** Data records **
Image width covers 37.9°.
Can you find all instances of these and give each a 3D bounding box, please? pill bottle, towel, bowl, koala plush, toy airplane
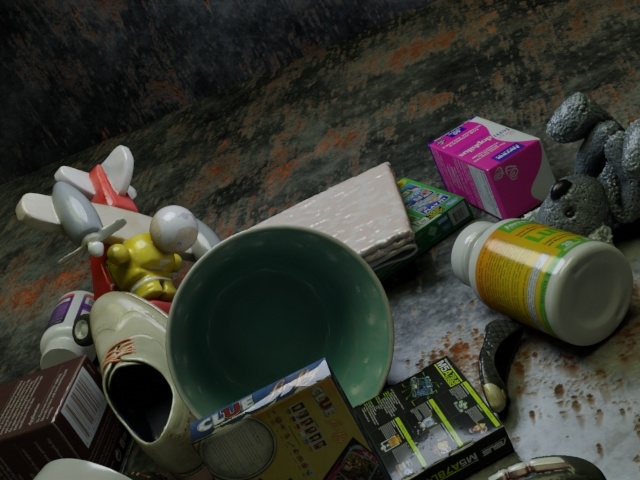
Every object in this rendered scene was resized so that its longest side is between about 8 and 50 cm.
[{"bbox_3d":[-0.480,0.188,1.806,0.108,0.108,0.193,-23,25,9],"label":"pill bottle"},{"bbox_3d":[0.000,0.000,1.648,0.332,0.053,0.317,-25,26,7],"label":"towel"},{"bbox_3d":[-0.066,0.132,1.329,0.312,0.311,0.163,-32,6,-10],"label":"bowl"},{"bbox_3d":[0.402,-0.059,1.368,0.221,0.203,0.196,-51,40,-1],"label":"koala plush"},{"bbox_3d":[-0.335,-0.008,1.715,0.272,0.384,0.386,-25,21,31],"label":"toy airplane"},{"bbox_3d":[0.290,0.045,1.277,0.136,0.136,0.246,-35,26,-17],"label":"pill bottle"}]

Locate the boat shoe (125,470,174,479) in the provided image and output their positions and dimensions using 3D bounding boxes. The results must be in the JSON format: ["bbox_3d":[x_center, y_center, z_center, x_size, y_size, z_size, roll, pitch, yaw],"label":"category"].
[{"bbox_3d":[-0.238,0.348,1.326,0.133,0.049,0.042,-12,37,39],"label":"boat shoe"}]

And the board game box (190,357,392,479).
[{"bbox_3d":[-0.014,0.266,1.029,0.165,0.243,0.042,-26,24,1],"label":"board game box"}]

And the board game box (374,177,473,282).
[{"bbox_3d":[0.087,0.005,1.668,0.317,0.046,0.213,-35,26,-15],"label":"board game box"}]

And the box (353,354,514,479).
[{"bbox_3d":[0.122,0.243,1.178,0.184,0.045,0.190,-27,24,-4],"label":"box"}]

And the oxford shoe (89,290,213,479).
[{"bbox_3d":[-0.266,0.186,1.399,0.140,0.146,0.397,-44,48,-2],"label":"oxford shoe"}]

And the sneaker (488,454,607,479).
[{"bbox_3d":[0.164,0.331,0.919,0.281,0.106,0.162,-30,28,20],"label":"sneaker"}]

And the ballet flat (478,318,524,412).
[{"bbox_3d":[0.235,0.157,1.212,0.049,0.057,0.173,-11,29,21],"label":"ballet flat"}]

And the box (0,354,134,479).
[{"bbox_3d":[-0.425,0.313,1.440,0.203,0.167,0.168,-20,26,16],"label":"box"}]

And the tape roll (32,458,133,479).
[{"bbox_3d":[-0.266,0.390,1.042,0.246,0.246,0.169,-8,31,35],"label":"tape roll"}]

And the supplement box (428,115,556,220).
[{"bbox_3d":[0.299,-0.129,1.636,0.111,0.114,0.220,-31,27,-10],"label":"supplement box"}]
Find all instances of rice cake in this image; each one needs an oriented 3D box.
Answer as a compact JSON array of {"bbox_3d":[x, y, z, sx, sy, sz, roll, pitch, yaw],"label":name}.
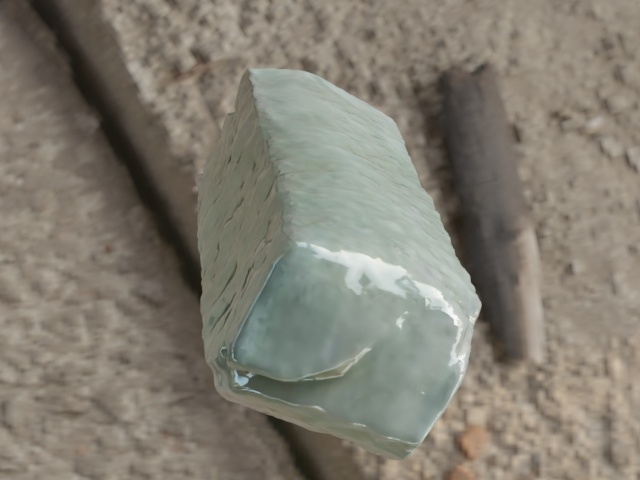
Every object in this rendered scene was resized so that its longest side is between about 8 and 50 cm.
[{"bbox_3d":[0.000,0.000,0.554,0.069,0.206,0.063,22,107,-11],"label":"rice cake"}]
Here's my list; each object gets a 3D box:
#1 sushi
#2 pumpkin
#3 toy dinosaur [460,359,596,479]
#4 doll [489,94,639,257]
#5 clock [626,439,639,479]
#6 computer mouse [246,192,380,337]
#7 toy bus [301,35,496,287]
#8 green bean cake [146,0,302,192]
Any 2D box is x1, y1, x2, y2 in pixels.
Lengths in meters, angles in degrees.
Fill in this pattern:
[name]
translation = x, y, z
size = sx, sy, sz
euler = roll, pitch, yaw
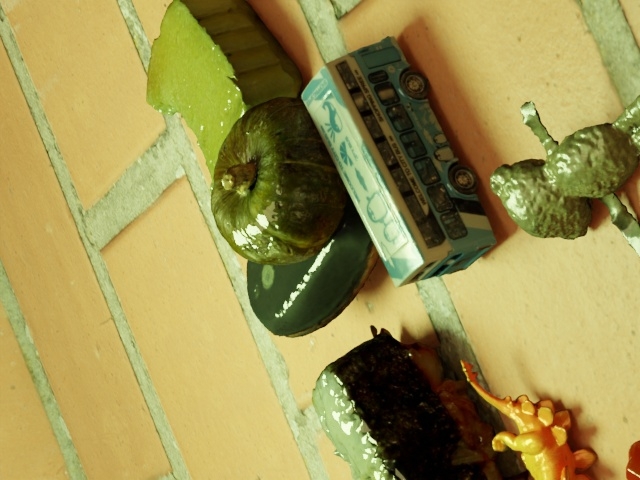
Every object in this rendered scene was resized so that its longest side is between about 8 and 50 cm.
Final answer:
[sushi]
translation = 0.118, 0.267, 2.097
size = 0.343, 0.182, 0.196
euler = 61, 153, 18
[pumpkin]
translation = -0.065, -0.070, 2.048
size = 0.219, 0.162, 0.219
euler = -13, 73, 51
[toy dinosaur]
translation = 0.274, 0.256, 1.942
size = 0.117, 0.070, 0.288
euler = -36, 80, 47
[doll]
translation = 0.291, -0.093, 1.699
size = 0.203, 0.091, 0.286
euler = 21, 144, 12
[clock]
translation = 0.392, 0.318, 1.795
size = 0.113, 0.061, 0.155
euler = 24, 128, 50
[computer mouse]
translation = 0.004, 0.000, 2.177
size = 0.323, 0.116, 0.183
euler = -55, 47, 38
[toy bus]
translation = 0.097, -0.096, 1.962
size = 0.297, 0.131, 0.106
euler = 63, 150, 13
[green bean cake]
translation = -0.138, -0.215, 2.278
size = 0.236, 0.124, 0.233
euler = 54, 145, 26

** Exercise **
Once the pictures are set aside, give the rest of the listing again exactly.

** Answer to the exercise **
Image width covers 37.9°.
Can you find all instances of these and give each a 3D bounding box, please? pill bottle, towel, bowl, koala plush, toy airplane
Every object in this rendered scene was resized so that its longest side is between about 8 and 50 cm.
[{"bbox_3d":[-0.480,0.188,1.806,0.108,0.108,0.193,-23,25,9],"label":"pill bottle"},{"bbox_3d":[0.000,0.000,1.648,0.332,0.053,0.317,-25,26,7],"label":"towel"},{"bbox_3d":[-0.066,0.132,1.329,0.312,0.311,0.163,-32,6,-10],"label":"bowl"},{"bbox_3d":[0.402,-0.059,1.368,0.221,0.203,0.196,-51,40,-1],"label":"koala plush"},{"bbox_3d":[-0.335,-0.008,1.715,0.272,0.384,0.386,-25,21,31],"label":"toy airplane"},{"bbox_3d":[0.290,0.045,1.277,0.136,0.136,0.246,-35,26,-17],"label":"pill bottle"}]

Locate the boat shoe (125,470,174,479) in the provided image and output their positions and dimensions using 3D bounding boxes. The results must be in the JSON format: ["bbox_3d":[x_center, y_center, z_center, x_size, y_size, z_size, roll, pitch, yaw],"label":"category"].
[{"bbox_3d":[-0.238,0.348,1.326,0.133,0.049,0.042,-12,37,39],"label":"boat shoe"}]

And the board game box (190,357,392,479).
[{"bbox_3d":[-0.014,0.266,1.029,0.165,0.243,0.042,-26,24,1],"label":"board game box"}]

And the board game box (374,177,473,282).
[{"bbox_3d":[0.087,0.005,1.668,0.317,0.046,0.213,-35,26,-15],"label":"board game box"}]

And the box (353,354,514,479).
[{"bbox_3d":[0.122,0.243,1.178,0.184,0.045,0.190,-27,24,-4],"label":"box"}]

And the oxford shoe (89,290,213,479).
[{"bbox_3d":[-0.266,0.186,1.399,0.140,0.146,0.397,-44,48,-2],"label":"oxford shoe"}]

And the sneaker (488,454,607,479).
[{"bbox_3d":[0.164,0.331,0.919,0.281,0.106,0.162,-30,28,20],"label":"sneaker"}]

And the ballet flat (478,318,524,412).
[{"bbox_3d":[0.235,0.157,1.212,0.049,0.057,0.173,-11,29,21],"label":"ballet flat"}]

And the box (0,354,134,479).
[{"bbox_3d":[-0.425,0.313,1.440,0.203,0.167,0.168,-20,26,16],"label":"box"}]

And the tape roll (32,458,133,479).
[{"bbox_3d":[-0.266,0.390,1.042,0.246,0.246,0.169,-8,31,35],"label":"tape roll"}]

And the supplement box (428,115,556,220).
[{"bbox_3d":[0.299,-0.129,1.636,0.111,0.114,0.220,-31,27,-10],"label":"supplement box"}]
Find all instances of rice cake in this image; each one needs an oriented 3D box.
Answer as a compact JSON array of {"bbox_3d":[x, y, z, sx, sy, sz, roll, pitch, yaw],"label":name}.
Every object in this rendered scene was resized so that its longest side is between about 8 and 50 cm.
[{"bbox_3d":[0.000,0.000,0.554,0.069,0.206,0.063,22,107,-11],"label":"rice cake"}]
Here's my list; each object gets a 3D box:
#1 sushi
#2 pumpkin
#3 toy dinosaur [460,359,596,479]
#4 doll [489,94,639,257]
#5 clock [626,439,639,479]
#6 computer mouse [246,192,380,337]
#7 toy bus [301,35,496,287]
#8 green bean cake [146,0,302,192]
Any 2D box is x1, y1, x2, y2 in pixels.
Lengths in meters, angles in degrees.
Fill in this pattern:
[name]
translation = x, y, z
size = sx, sy, sz
euler = roll, pitch, yaw
Every object in this rendered scene was resized so that its longest side is between about 8 and 50 cm.
Final answer:
[sushi]
translation = 0.118, 0.267, 2.097
size = 0.343, 0.182, 0.196
euler = 61, 153, 18
[pumpkin]
translation = -0.065, -0.070, 2.048
size = 0.219, 0.162, 0.219
euler = -13, 73, 51
[toy dinosaur]
translation = 0.274, 0.256, 1.942
size = 0.117, 0.070, 0.288
euler = -36, 80, 47
[doll]
translation = 0.291, -0.093, 1.699
size = 0.203, 0.091, 0.286
euler = 21, 144, 12
[clock]
translation = 0.392, 0.318, 1.795
size = 0.113, 0.061, 0.155
euler = 24, 128, 50
[computer mouse]
translation = 0.004, 0.000, 2.177
size = 0.323, 0.116, 0.183
euler = -55, 47, 38
[toy bus]
translation = 0.097, -0.096, 1.962
size = 0.297, 0.131, 0.106
euler = 63, 150, 13
[green bean cake]
translation = -0.138, -0.215, 2.278
size = 0.236, 0.124, 0.233
euler = 54, 145, 26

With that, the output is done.